In these examples all possible relations between variables were set automatically.


Although you can disable them, or set specific variables for the relationship.
I played with tuning without approximation, increased the number of nodes per tree to the number of variables.
The model became more complex, trained for 12 minutes.
on the traine assugasurose to 0.97
but the test spoils everything at 0.74.
In general there is probably something to work on and think about. Maybe something will come out of yourdata.
There are a lot of different settings in the program, I just don't fully understand how to work with them.
I'm just studying the functionality myself since yesterday ))
And your dataset just happened to come up, to study the functionality, well, maybe something will come out of your data.
I don't quite understand what you mean by automatic feature builder?
Auto search for features themselves, or auto search for relations between existing features?
In these examples, all possible relationships between variables have been set automatically.
Although you can disable them, or set specific variables for the relationship.
No, that' s not what I meant.
I meant that I trained xgboost on other features to get akurasi 0.83 on new data.
Constructed the traits from OHLC and another indicator
according to the principle
O[i] - H[i-1]
L[i-5]-indic[i-10]
........
....
..
and so all possible combinations (all with all).
I got about 10,000 traits.
300 of them useful.
the model gave 0.83 on the new data.
===========
I don't quite understand what you mean by an automatic feature builder?
I want to automate the above described so that the computer itself constructs features, and then there will be not 10k features to choose from, but a billion for example....
Auto search for the features themselves, or auto search for dependencies between the available features?

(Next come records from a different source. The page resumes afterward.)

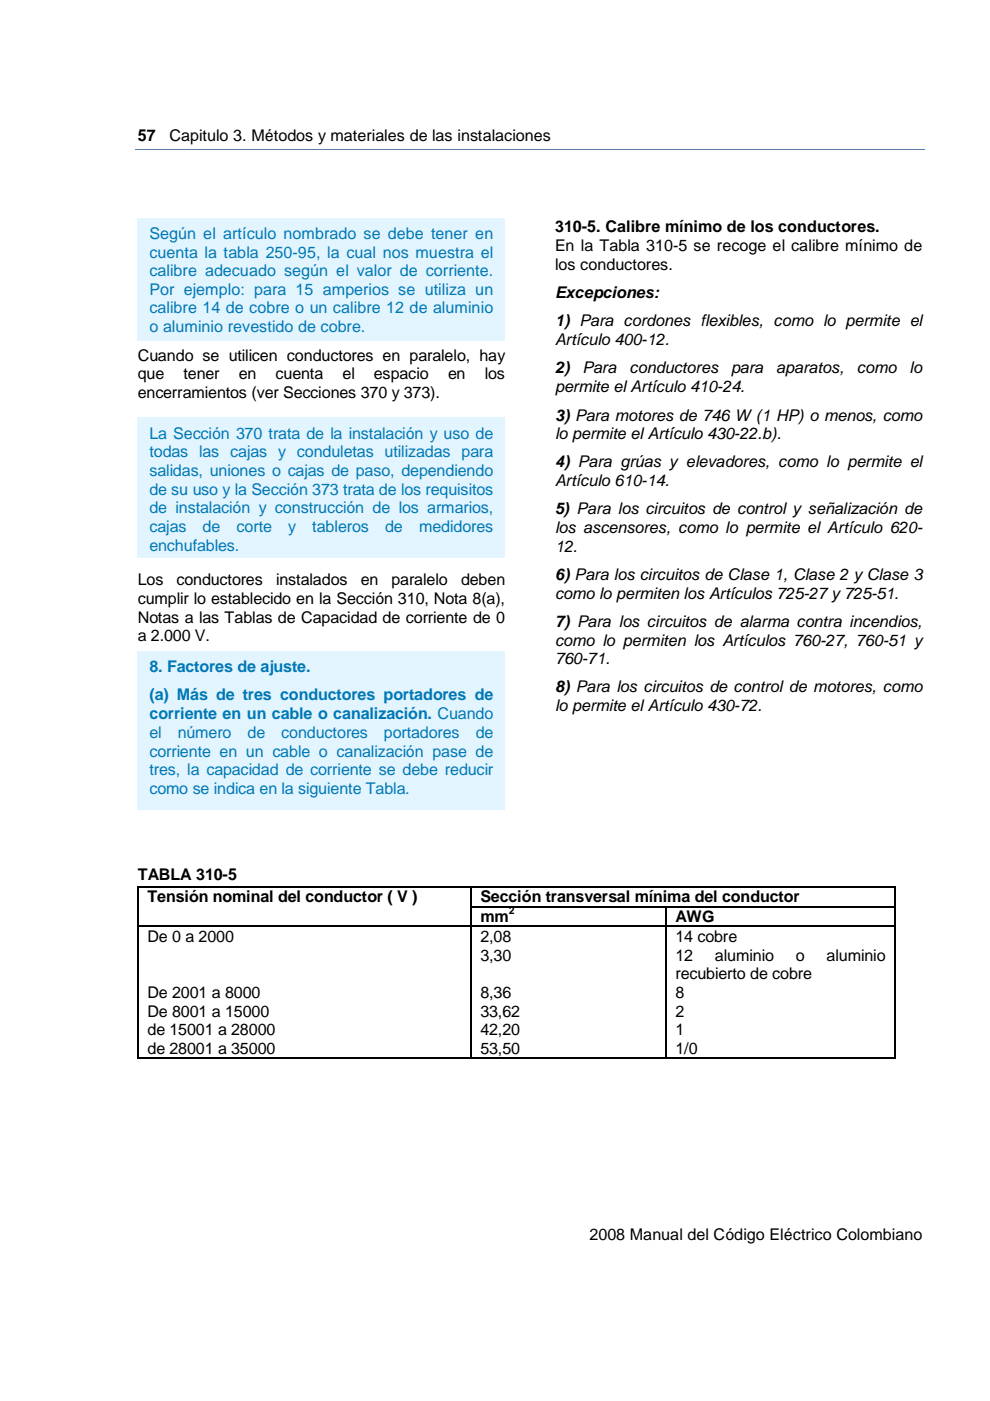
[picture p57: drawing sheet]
<svg xmlns="http://www.w3.org/2000/svg" width="210mm" height="297mm" viewBox="0 0 210 297" stroke-linecap="round" stroke-linejoin="round" font-family="sans-serif">
<defs><g id="words">
<g font-size="3.4">
<text x="29.2" y="29.8">57</text>
<text x="35.9" y="29.8">Capitulo 3. Métodos y materiales de las instalaciones</text>
<text x="117.7" y="49.2">310-5. Calibre mínimo de los conductores.</text>
<text x="117.7" y="53.3">En la Tabla 310-5 se recoge el calibre mínimo de</text>
<text x="117.7" y="57.2">los conductores.</text>
<text x="117.7" y="63.2">Excepciones:</text>
<text x="117.7" y="69.2">1) Para cordones flexibles, como lo permite el</text>
<text x="29.2" y="76.5">Cuando se utilicen conductores en paralelo, hay</text>
<text x="117.7" y="73.2">Artículo 400-12.</text>
<text x="29.2" y="80.4">que</text>
<text x="38.9" y="80.4">tener</text>
<text x="50.6" y="80.4">en</text>
<text x="58.4" y="80.4">cuenta</text>
<text x="72.6" y="80.4">el</text>
<text x="79.3" y="80.4">espacio</text>
<text x="95" y="80.4">en</text>
<text x="102.8" y="80.4">los</text>
<text x="117.7" y="83.2">permite el Artículo 410-24.</text>
<text x="117.7" y="79.2">2)</text>
<text x="123.5" y="79.2">Para</text>
<text x="133.5" y="79.2">conductores</text>
<text x="155" y="79.2">para</text>
<text x="164.6" y="79.2">aparatos,</text>
<text x="181.7" y="79.2">como</text>
<text x="192.8" y="79.2">lo</text>
<text x="29.2" y="84.4">encerramientos (ver Secciones 370 y 373).</text>
<text x="117.7" y="89.2">3) Para motores de 746 W (1 HP) o menos, como</text>
<text x="117.7" y="93.1">lo permite el Artículo 430-22.b).</text>
<text x="117.7" y="99.1">4) Para grúas y elevadores, como lo permite el</text>
<text x="117.7" y="103.1">Artículo 610-14.</text>
<text x="117.7" y="113">los ascensores, como lo permite el Artículo 620-</text>
<text x="117.7" y="109.1">5) Para los circuitos de control y señalización de</text>
<text x="117.7" y="117">12.</text>
<text x="29.2" y="124.1">Los</text>
<text x="37.4" y="124.1">conductores</text>
<text x="58.5" y="124.1">instalados</text>
<text x="76.5" y="124.1">en</text>
<text x="83" y="124.1">paralelo</text>
<text x="97.7" y="124.1">deben</text>
<text x="117.7" y="123">6) Para los circuitos de Clase 1, Clase 2 y Clase 3</text>
<text x="29.2" y="128.1">cumplir lo establecido en la Sección 310, Nota 8(a),</text>
<text x="29.2" y="132">Notas a las Tablas de Capacidad de corriente de 0</text>
<text x="117.7" y="126.9">como lo permiten los Artículos 725-27 y 725-51.</text>
<text x="29.2" y="135.9">a 2.000 V.</text>
<text x="117.7" y="136.9">como lo permiten los Artículos 760-27, 760-51 y</text>
<text x="117.7" y="132.9">7) Para los circuitos de alarma contra incendios,</text>
<text x="117.7" y="140.8">760-71.</text>
<text x="117.7" y="146.8">8) Para los circuitos de control de motores, como</text>
<text x="117.7" y="150.8">lo permite el Artículo 430-72.</text>
<text x="29.2" y="186.5">TABLA 310-5</text>
<text x="31.3" y="191.3">Tensión nominal del conductor ( V )</text>
<text x="101.9" y="191.3">Sección transversal mínima del conductor</text>
<text x="101.9" y="195.5">mm</text>
<text x="143.2" y="195.5">AWG</text>
<text x="31.3" y="199.8">De 0 a 2000</text>
<text x="101.9" y="199.8">2,08</text>
<text x="101.9" y="203.8">3,30</text>
<text x="143.2" y="199.8">14 cobre</text>
<text x="143.2" y="203.8">12</text>
<text x="151.6" y="203.8">aluminio</text>
<text x="168.7" y="203.8">o</text>
<text x="175.3" y="203.8">aluminio</text>
<text x="143.2" y="207.6">recubierto de cobre</text>
<text x="31.3" y="211.6">De 2001 a 8000</text>
<text x="31.3" y="215.6">De 8001 a 15000</text>
<text x="101.9" y="211.6">8,36</text>
<text x="101.9" y="215.6">33,62</text>
<text x="143.2" y="211.6">8</text>
<text x="143.2" y="215.6">2</text>
<text x="31.3" y="219.5">de 15001 a 28000</text>
<text x="101.9" y="219.5">42,20</text>
<text x="143.2" y="219.5">1</text>
<text x="31.3" y="223.5">de 28001 a 35000</text>
<text x="101.9" y="223.5">53,50</text>
<text x="143.2" y="223.5">1/0</text>
<text x="125" y="262.8">2008 Manual del Código Eléctrico Colombiano</text>
</g>
<g font-size="3.4" fill="#0078b6">
<text x="31.7" y="50.7">Según el artículo nombrado se debe tener en</text>
<text x="31.7" y="54.6">cuenta la tabla 250-95, la cual nos muestra el</text>
<text x="31.7" y="58.5">calibre adecuado según el valor de corriente.</text>
<text x="31.7" y="62.5">Por ejemplo: para 15 amperios se utiliza un</text>
<text x="31.7" y="66.4">calibre 14 de cobre o un calibre 12 de aluminio</text>
<text x="31.7" y="70.4">o aluminio revestido de cobre.</text>
<text x="31.7" y="93">La Sección 370 trata de la instalación y uso de</text>
<text x="31.7" y="96.9">todas las cajas y conduletas utilizadas para</text>
<text x="31.7" y="100.9">salidas, uniones o cajas de paso, dependiendo</text>
<text x="31.7" y="104.9">de su uso y la Sección 373 trata de los requisitos</text>
<text x="31.7" y="108.8">de instalación y construcción de los armarios,</text>
<text x="31.7" y="112.7">cajas</text>
<text x="43" y="112.7">de</text>
<text x="50.2" y="112.7">corte</text>
<text x="61.1" y="112.7">y</text>
<text x="66.2" y="112.7">tableros</text>
<text x="81.7" y="112.7">de</text>
<text x="88.9" y="112.7">medidores</text>
<text x="31.7" y="116.8">enchufables.</text>
<text x="31.7" y="142.5">8. Factores de ajuste.</text>
<text x="31.7" y="148.5">(a) Más de tres conductores portadores de</text>
<text x="31.7" y="152.4">corriente en un cable o canalización. Cuando</text>
<text x="31.7" y="156.5">el</text>
<text x="31.7" y="160.4">corriente en un cable o canalización pase de</text>
<text x="37.7" y="156.5">número</text>
<text x="52.5" y="156.5">de</text>
<text x="59.6" y="156.5">conductores</text>
<text x="81.4" y="156.5">portadores</text>
<text x="100.9" y="156.5">de</text>
<text x="31.7" y="164.4">tres, la capacidad de corriente se debe reducir</text>
<text x="31.7" y="168.4">como se indica en la siguiente Tabla.</text>
</g>
<text font-size="2.2" x="107.9" y="193.7">2</text>
</g></defs>
<path d="M28.7 31.7h167.4" fill="none" stroke="#4f81bd" stroke-width=".21"/>
<g fill="#000">
<path d="M29.1 187.9h.2v.3h-.2zM29.1 192.1h.2v.3h-.2zM29.1 196.3h.2v.3h-.2zM99.7 187.9h.2v.3h-.2zM99.7 192.1h.2v.3h-.2zM99.7 196.3h.2v.3h-.2zM141.1 192.1h.2v.3h-.2zM141.1 196.3h.2v.3h-.2zM189.7 187.9h.2v.3h-.2zM189.7 192.1h.2v.3h-.2zM189.7 196.3h.2v.3h-.2zM29.1 224.2h.2v.3h-.2z"/>
<path d="M99.7 224.2h.2v.3h-.2zM141.1 224.2h.2v.3h-.2zM189.7 224.2h.2v.3h-.2z"/>
</g>
<g fill="none" stroke="#000" stroke-width=".25">
<path d="M29.2 188.2v3.9M29.2 192.4v3.9M29.2 196.6v27.6M29.3 188h70.4M29.3 196.4h70.4M99.8 188.2v3.9M99.8 192.4v3.9M99.8 196.6v27.6M99.9 188h89.8M99.9 192.2h41.2M99.9 196.4h41.2M141.2 192.4v3.9"/>
<path d="M141.2 196.6v27.6M141.3 192.2h48.4M141.3 196.4h48.4M189.8 188.2v3.9M189.8 192.4v3.9M189.8 196.6v27.6M29.3 224.4h70.4M99.9 224.4h41.2M141.3 224.4h48.4"/>
</g>
<g fill="#e2f4fd">
<path d="M29.2 46.3h77.9v26h-77.9z" fill-rule="evenodd"/>
<path d="M29.2 88.6h77.9v29.7h-77.9z" fill-rule="evenodd"/>
<path d="M29.2 138.2h77.9v33.5h-77.9z" fill-rule="evenodd"/>
</g>
<use href="#words"/>
</svg>

automatic creation/construction of features ---> testing for suitability ---> selection of the best ones ---> possibly mutation of the best ones in search of even better ones ....
And it's all automatic.
Based on MSUA, if you've read it... but only based on it....
There are a lot of different settings in the prog, I just don't fully understand how to work with them.
I'm just studying the functionality myself since yesterday ))
And your dataset just by the way, to study the functionality, well, maybe something and squeeze out of your data.
What is this programme?
readgeometric probability
He's a real stump, clinging to every word.
You have total cognitive dystrophy, how can you even argue about anything?